**Task description**
All entries below must be written out verbatim, and the images must be dropped.
^^^^^^^^^^^^^^^^
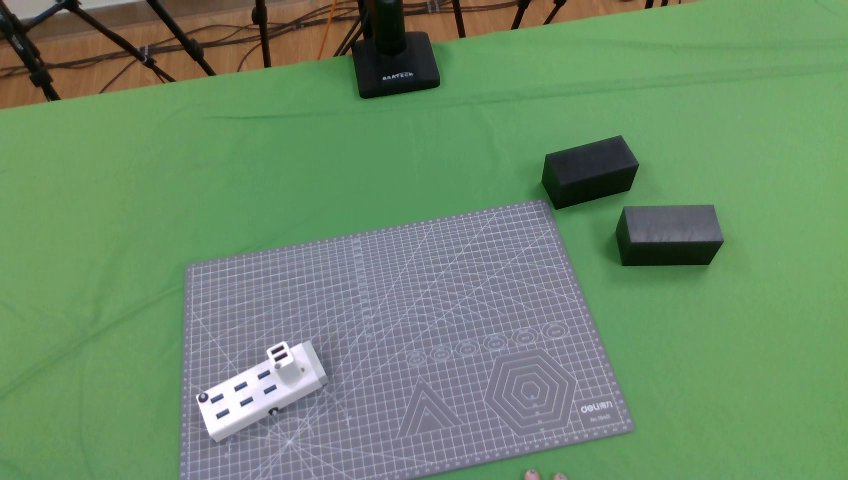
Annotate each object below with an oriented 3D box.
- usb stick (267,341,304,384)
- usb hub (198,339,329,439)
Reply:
[{"bbox_3d":[-0.138,0.127,0.612,0.021,0.060,0.027,-29,57,-14],"label":"usb stick"},{"bbox_3d":[-0.166,0.153,0.631,0.125,0.025,0.049,-25,58,-14],"label":"usb hub"}]
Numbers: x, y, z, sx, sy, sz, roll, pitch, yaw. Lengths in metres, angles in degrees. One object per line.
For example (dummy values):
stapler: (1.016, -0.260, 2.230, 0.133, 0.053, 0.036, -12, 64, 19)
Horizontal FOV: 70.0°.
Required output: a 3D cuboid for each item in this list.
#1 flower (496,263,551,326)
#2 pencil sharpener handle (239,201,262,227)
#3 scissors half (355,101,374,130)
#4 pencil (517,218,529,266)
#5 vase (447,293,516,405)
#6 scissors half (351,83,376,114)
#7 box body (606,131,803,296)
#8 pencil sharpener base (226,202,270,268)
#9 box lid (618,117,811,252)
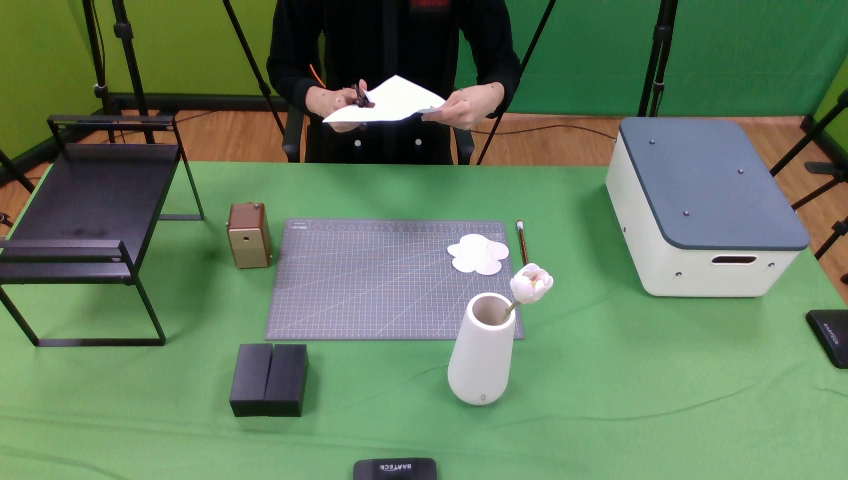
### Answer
flower: (0.102, 0.120, 0.853, 0.044, 0.363, 0.038, -2, 64, -10)
pencil sharpener handle: (-0.325, -0.056, 1.150, 0.036, 0.068, 0.030, -13, 46, 4)
scissors half: (-0.103, -0.223, 1.067, 0.013, 0.175, 0.040, -11, 92, -13)
pencil: (0.200, 0.028, 1.196, 0.012, 0.012, 0.193, 1, 48, -3)
vase: (0.091, 0.169, 0.921, 0.098, 0.201, 0.097, 3, 47, -3)
scissors half: (-0.107, -0.245, 1.061, 0.013, 0.040, 0.174, -16, 30, -12)
box body: (0.530, -0.067, 1.204, 0.254, 0.161, 0.361, 0, 46, -4)
pencil sharpener base: (-0.323, -0.010, 1.123, 0.061, 0.107, 0.076, -3, 46, -7)
box lid: (0.534, -0.117, 1.149, 0.263, 0.015, 0.369, 0, 47, -3)
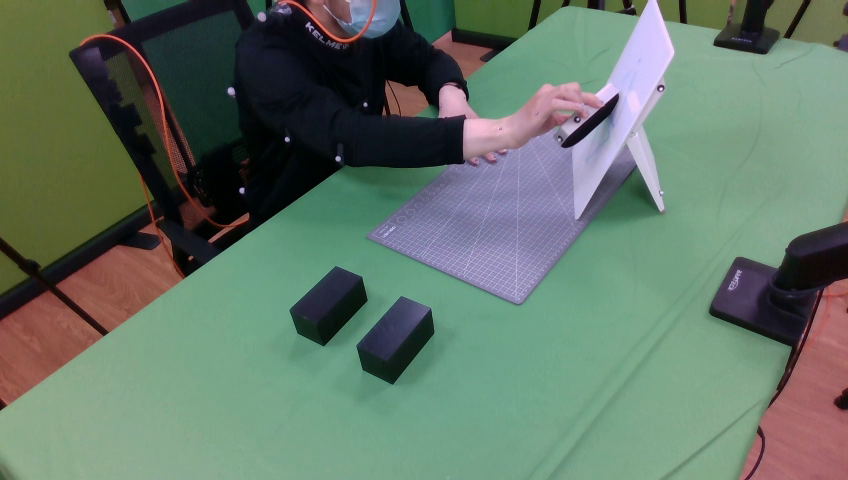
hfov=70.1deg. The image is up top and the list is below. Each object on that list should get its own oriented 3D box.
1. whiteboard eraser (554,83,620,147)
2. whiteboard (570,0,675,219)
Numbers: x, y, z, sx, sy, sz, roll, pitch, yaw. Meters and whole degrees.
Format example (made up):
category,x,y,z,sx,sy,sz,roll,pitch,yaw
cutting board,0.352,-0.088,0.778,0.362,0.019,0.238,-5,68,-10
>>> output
category,x,y,z,sx,sy,sz,roll,pitch,yaw
whiteboard eraser,0.261,-0.195,0.958,0.113,0.055,0.042,-42,84,-8
whiteboard,0.363,-0.187,0.965,0.144,0.305,0.216,18,42,-3
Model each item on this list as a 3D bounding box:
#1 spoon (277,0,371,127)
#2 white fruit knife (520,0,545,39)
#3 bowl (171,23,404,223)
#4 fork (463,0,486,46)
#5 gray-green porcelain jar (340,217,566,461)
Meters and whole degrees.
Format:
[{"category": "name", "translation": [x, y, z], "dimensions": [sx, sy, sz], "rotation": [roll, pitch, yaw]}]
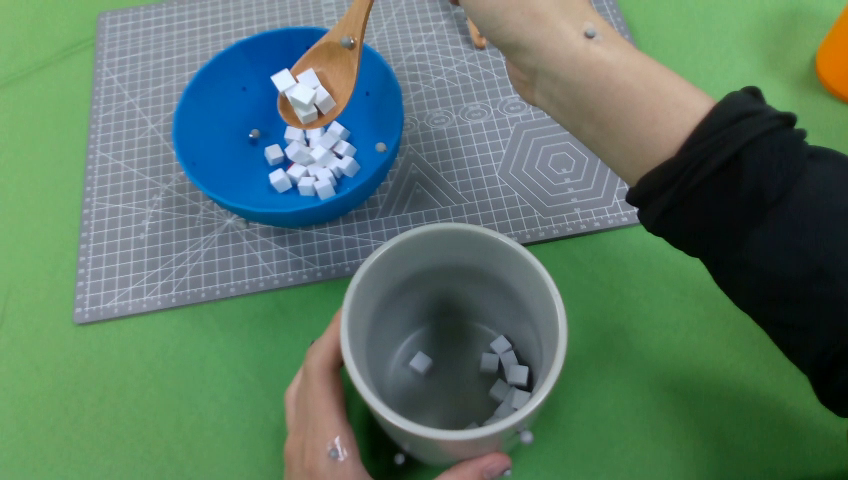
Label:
[{"category": "spoon", "translation": [-0.023, -0.146, 0.330], "dimensions": [0.041, 0.022, 0.194], "rotation": [39, 107, 15]}, {"category": "white fruit knife", "translation": [0.072, -0.270, 0.516], "dimensions": [0.016, 0.027, 0.206], "rotation": [-11, 78, -4]}, {"category": "bowl", "translation": [-0.086, -0.068, 0.424], "dimensions": [0.151, 0.077, 0.150], "rotation": [-1, 64, 3]}, {"category": "fork", "translation": [0.024, -0.263, 0.513], "dimensions": [0.028, 0.018, 0.206], "rotation": [-13, 83, -7]}, {"category": "gray-green porcelain jar", "translation": [0.016, 0.063, 0.334], "dimensions": [0.106, 0.127, 0.105], "rotation": [-1, 64, 3]}]
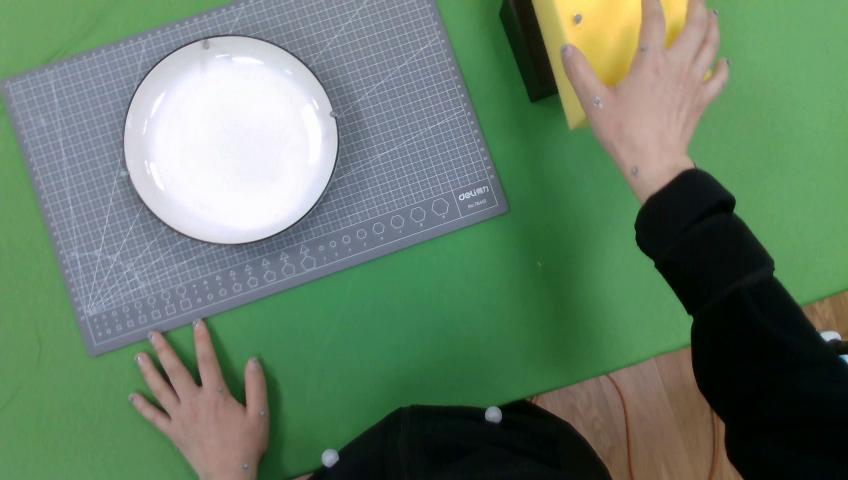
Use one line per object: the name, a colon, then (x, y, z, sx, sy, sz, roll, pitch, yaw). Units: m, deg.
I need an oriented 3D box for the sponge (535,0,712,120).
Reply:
sponge: (0.170, -0.229, 0.560, 0.118, 0.061, 0.206, -16, 89, -2)

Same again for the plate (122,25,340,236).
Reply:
plate: (-0.187, -0.106, 0.603, 0.209, 0.038, 0.209, 0, 88, -2)
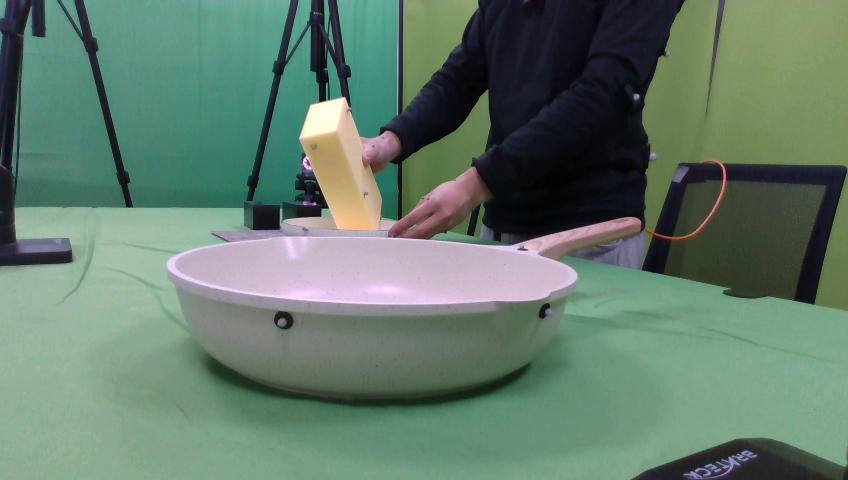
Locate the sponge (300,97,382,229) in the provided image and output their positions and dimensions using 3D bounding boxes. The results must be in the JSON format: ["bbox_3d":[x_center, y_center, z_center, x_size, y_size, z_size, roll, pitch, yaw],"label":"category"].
[{"bbox_3d":[-0.129,-0.112,0.990,0.061,0.207,0.118,-12,38,9],"label":"sponge"}]

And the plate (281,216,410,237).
[{"bbox_3d":[-0.126,-0.012,0.986,0.208,0.039,0.207,2,7,0],"label":"plate"}]

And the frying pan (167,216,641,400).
[{"bbox_3d":[0.046,0.024,0.519,0.490,0.102,0.305,-14,16,-37],"label":"frying pan"}]
^^^^^^^^^^^^^^^^
**Finished task**
Annotate each object below with an oriented 3D box.
- usb stick (267,341,304,384)
- usb hub (198,339,329,439)
Reply:
[{"bbox_3d":[-0.138,0.127,0.612,0.021,0.060,0.027,-29,57,-14],"label":"usb stick"},{"bbox_3d":[-0.166,0.153,0.631,0.125,0.025,0.049,-25,58,-14],"label":"usb hub"}]
Numbers: x, y, z, sx, sy, sz, roll, pitch, yaw. Lengths in metres, angles in degrees. One object per line.
For example (dummy values):
stapler: (1.016, -0.260, 2.230, 0.133, 0.053, 0.036, -12, 64, 19)
Horizontal FOV: 70.0°.
Required output: a 3D cuboid for each item in this list.
#1 flower (496,263,551,326)
#2 pencil sharpener handle (239,201,262,227)
#3 scissors half (355,101,374,130)
#4 pencil (517,218,529,266)
#5 vase (447,293,516,405)
#6 scissors half (351,83,376,114)
#7 box body (606,131,803,296)
#8 pencil sharpener base (226,202,270,268)
#9 box lid (618,117,811,252)
### Answer
flower: (0.102, 0.120, 0.853, 0.044, 0.363, 0.038, -2, 64, -10)
pencil sharpener handle: (-0.325, -0.056, 1.150, 0.036, 0.068, 0.030, -13, 46, 4)
scissors half: (-0.103, -0.223, 1.067, 0.013, 0.175, 0.040, -11, 92, -13)
pencil: (0.200, 0.028, 1.196, 0.012, 0.012, 0.193, 1, 48, -3)
vase: (0.091, 0.169, 0.921, 0.098, 0.201, 0.097, 3, 47, -3)
scissors half: (-0.107, -0.245, 1.061, 0.013, 0.040, 0.174, -16, 30, -12)
box body: (0.530, -0.067, 1.204, 0.254, 0.161, 0.361, 0, 46, -4)
pencil sharpener base: (-0.323, -0.010, 1.123, 0.061, 0.107, 0.076, -3, 46, -7)
box lid: (0.534, -0.117, 1.149, 0.263, 0.015, 0.369, 0, 47, -3)
hfov=70.1deg. The image is up top and the list is below. Each object on that list should get its own oriented 3D box.
1. whiteboard eraser (554,83,620,147)
2. whiteboard (570,0,675,219)
Numbers: x, y, z, sx, sy, sz, roll, pitch, yaw. Meters and whole degrees.
Format example (made up):
category,x,y,z,sx,sy,sz,roll,pitch,yaw
cutting board,0.352,-0.088,0.778,0.362,0.019,0.238,-5,68,-10
>>> output
category,x,y,z,sx,sy,sz,roll,pitch,yaw
whiteboard eraser,0.261,-0.195,0.958,0.113,0.055,0.042,-42,84,-8
whiteboard,0.363,-0.187,0.965,0.144,0.305,0.216,18,42,-3
Model each item on this list as a 3D bounding box:
#1 spoon (277,0,371,127)
#2 white fruit knife (520,0,545,39)
#3 bowl (171,23,404,223)
#4 fork (463,0,486,46)
#5 gray-green porcelain jar (340,217,566,461)
Meters and whole degrees.
Format:
[{"category": "name", "translation": [x, y, z], "dimensions": [sx, sy, sz], "rotation": [roll, pitch, yaw]}]
Label:
[{"category": "spoon", "translation": [-0.023, -0.146, 0.330], "dimensions": [0.041, 0.022, 0.194], "rotation": [39, 107, 15]}, {"category": "white fruit knife", "translation": [0.072, -0.270, 0.516], "dimensions": [0.016, 0.027, 0.206], "rotation": [-11, 78, -4]}, {"category": "bowl", "translation": [-0.086, -0.068, 0.424], "dimensions": [0.151, 0.077, 0.150], "rotation": [-1, 64, 3]}, {"category": "fork", "translation": [0.024, -0.263, 0.513], "dimensions": [0.028, 0.018, 0.206], "rotation": [-13, 83, -7]}, {"category": "gray-green porcelain jar", "translation": [0.016, 0.063, 0.334], "dimensions": [0.106, 0.127, 0.105], "rotation": [-1, 64, 3]}]
Use one line per object: the name, a colon, then (x, y, z, sx, sy, sz, roll, pitch, yaw). Units: m, deg.
I need an oriented 3D box for the sponge (535,0,712,120).
Reply:
sponge: (0.170, -0.229, 0.560, 0.118, 0.061, 0.206, -16, 89, -2)

Same again for the plate (122,25,340,236).
Reply:
plate: (-0.187, -0.106, 0.603, 0.209, 0.038, 0.209, 0, 88, -2)
Locate the sponge (300,97,382,229) in the provided image and output their positions and dimensions using 3D bounding boxes. The results must be in the JSON format: ["bbox_3d":[x_center, y_center, z_center, x_size, y_size, z_size, roll, pitch, yaw],"label":"category"].
[{"bbox_3d":[-0.129,-0.112,0.990,0.061,0.207,0.118,-12,38,9],"label":"sponge"}]

And the plate (281,216,410,237).
[{"bbox_3d":[-0.126,-0.012,0.986,0.208,0.039,0.207,2,7,0],"label":"plate"}]

And the frying pan (167,216,641,400).
[{"bbox_3d":[0.046,0.024,0.519,0.490,0.102,0.305,-14,16,-37],"label":"frying pan"}]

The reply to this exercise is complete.